Solid-state structure of 2. Ellipsoids are shown at 50% probability levels. Pink, gray, blue, and forest green ellipsoids represent B, C, N, and Zn atoms, respectively. Hydrogen atoms are omitted for clarity. The terminal butyl group in 2 is disordered over three positions, and the C atoms in this group were refined with isotropic thermal parameters.

Figure 3.

Side (left) and top (right) views of solid-state structure of 3. Ellipsoids are shown at 50% probability levels. White, pink, gray, blue, yellow, and forest green ellipsoids represent H, B, C, N, S and Zn atoms, respectively.
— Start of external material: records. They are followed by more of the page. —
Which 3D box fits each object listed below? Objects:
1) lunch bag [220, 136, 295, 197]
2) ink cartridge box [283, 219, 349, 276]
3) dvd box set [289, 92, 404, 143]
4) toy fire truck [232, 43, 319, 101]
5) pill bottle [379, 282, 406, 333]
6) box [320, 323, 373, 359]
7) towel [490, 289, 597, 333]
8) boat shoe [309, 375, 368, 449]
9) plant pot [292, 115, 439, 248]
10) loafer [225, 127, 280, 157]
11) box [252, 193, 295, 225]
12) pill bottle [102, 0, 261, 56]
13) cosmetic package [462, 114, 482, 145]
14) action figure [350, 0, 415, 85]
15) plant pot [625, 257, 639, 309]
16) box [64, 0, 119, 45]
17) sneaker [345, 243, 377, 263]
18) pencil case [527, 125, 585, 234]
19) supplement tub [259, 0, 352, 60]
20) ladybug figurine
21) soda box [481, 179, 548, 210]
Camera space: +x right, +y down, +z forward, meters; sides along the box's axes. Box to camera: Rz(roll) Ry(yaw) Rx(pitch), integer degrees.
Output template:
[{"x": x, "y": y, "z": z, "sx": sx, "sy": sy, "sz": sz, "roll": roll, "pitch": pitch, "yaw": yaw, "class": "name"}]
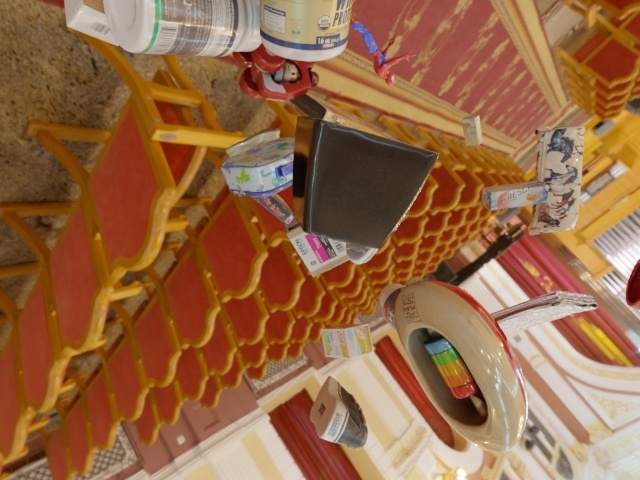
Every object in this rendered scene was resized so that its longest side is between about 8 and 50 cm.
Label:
[{"x": -0.109, "y": -0.177, "z": 1.028, "sx": 0.219, "sy": 0.176, "sz": 0.090, "roll": -36, "pitch": 122, "yaw": -39, "class": "lunch bag"}, {"x": 0.000, "y": 0.000, "z": 1.654, "sx": 0.193, "sy": 0.088, "sz": 0.234, "roll": -27, "pitch": 123, "yaw": 5, "class": "ink cartridge box"}, {"x": 0.113, "y": -0.437, "z": 1.631, "sx": 0.420, "sy": 0.307, "sz": 0.062, "roll": 14, "pitch": 114, "yaw": -34, "class": "dvd box set"}, {"x": -0.127, "y": -0.581, "z": 1.377, "sx": 0.254, "sy": 0.302, "sz": 0.169, "roll": -5, "pitch": 162, "yaw": -30, "class": "toy fire truck"}, {"x": 0.345, "y": 0.282, "z": 1.679, "sx": 0.176, "sy": 0.176, "sz": 0.318, "roll": -36, "pitch": -160, "yaw": -2, "class": "pill bottle"}, {"x": 0.098, "y": 0.376, "z": 1.626, "sx": 0.103, "sy": 0.114, "sz": 0.203, "roll": -7, "pitch": 173, "yaw": -27, "class": "box"}, {"x": 0.687, "y": 0.245, "z": 1.411, "sx": 0.332, "sy": 0.053, "sz": 0.317, "roll": 10, "pitch": 148, "yaw": -41, "class": "towel"}, {"x": 0.047, "y": 0.397, "z": 1.000, "sx": 0.108, "sy": 0.102, "sz": 0.301, "roll": -62, "pitch": -178, "yaw": -10, "class": "boat shoe"}, {"x": 0.043, "y": -0.091, "z": 0.691, "sx": 0.187, "sy": 0.188, "sz": 0.167, "roll": -125, "pitch": -130, "yaw": -70, "class": "plant pot"}, {"x": -0.295, "y": -0.429, "z": 1.960, "sx": 0.269, "sy": 0.092, "sz": 0.102, "roll": -19, "pitch": -158, "yaw": 16, "class": "loafer"}, {"x": -0.192, "y": -0.157, "z": 1.425, "sx": 0.044, "sy": 0.159, "sz": 0.233, "roll": -46, "pitch": 126, "yaw": 6, "class": "box"}, {"x": -0.320, "y": -0.570, "z": 1.080, "sx": 0.361, "sy": 0.204, "sz": 0.204, "roll": -22, "pitch": 158, "yaw": -46, "class": "pill bottle"}, {"x": 0.621, "y": -0.449, "z": 1.772, "sx": 0.060, "sy": 0.115, "sz": 0.041, "roll": 7, "pitch": -145, "yaw": 45, "class": "cosmetic package"}, {"x": 0.190, "y": -0.627, "z": 1.345, "sx": 0.139, "sy": 0.280, "sz": 0.091, "roll": -25, "pitch": -156, "yaw": 15, "class": "action figure"}, {"x": 1.059, "y": 0.139, "z": 1.308, "sx": 0.191, "sy": 0.174, "sz": 0.191, "roll": 18, "pitch": 90, "yaw": -73, "class": "plant pot"}, {"x": -0.554, "y": -0.603, "z": 1.078, "sx": 0.091, "sy": 0.170, "sz": 0.130, "roll": -20, "pitch": 167, "yaw": 36, "class": "box"}, {"x": 0.172, "y": -0.043, "z": 1.158, "sx": 0.281, "sy": 0.105, "sz": 0.115, "roll": -56, "pitch": 133, "yaw": -19, "class": "sneaker"}, {"x": 0.878, "y": -0.221, "z": 1.630, "sx": 0.184, "sy": 0.410, "sz": 0.160, "roll": 2, "pitch": -175, "yaw": -8, "class": "pencil case"}, {"x": -0.030, "y": -0.620, "z": 1.025, "sx": 0.228, "sy": 0.228, "sz": 0.316, "roll": -27, "pitch": 143, "yaw": -30, "class": "supplement tub"}, {"x": 0.349, "y": 0.282, "z": 1.062, "sx": 0.162, "sy": 0.449, "sz": 0.305, "roll": -24, "pitch": 176, "yaw": -29, "class": "ladybug figurine"}, {"x": 0.587, "y": -0.137, "z": 1.312, "sx": 0.183, "sy": 0.058, "sz": 0.063, "roll": -9, "pitch": -157, "yaw": -4, "class": "soda box"}]
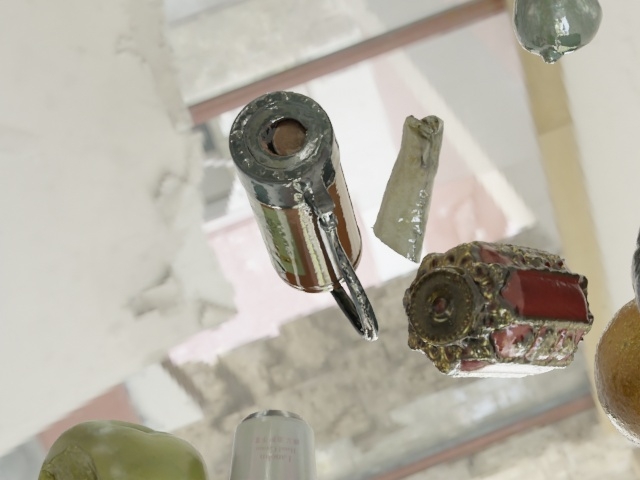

Hydrogen atoms, except Im-H, are omitted for clarity.

Scheme 1.

Synthesis of complexes 1, 2, and 3.

Table 1.

Selected bond distances and angles for 1, 2, and 3. For 1, X = Cl; for 2, X = C, and for 3, X = S.

	1	2	3
d(Zn-CIm1) (Å)	2.045(2)	2.160(2)	2.064(10)
d(Zn-CIm2) (Å)	2.075(2)	2.160(2)	2.083(9)
d(Zn-CIm3) (Å)	2.086(2)	2.093(2)	N/A
d(Zn–X) (Å)	2.2492(5)	2.050(3)	2.366(3), 2.360(3)

^aIn complex 3 there are two independent molecules in the asymmetric unit, and the values shown are the average of these two values.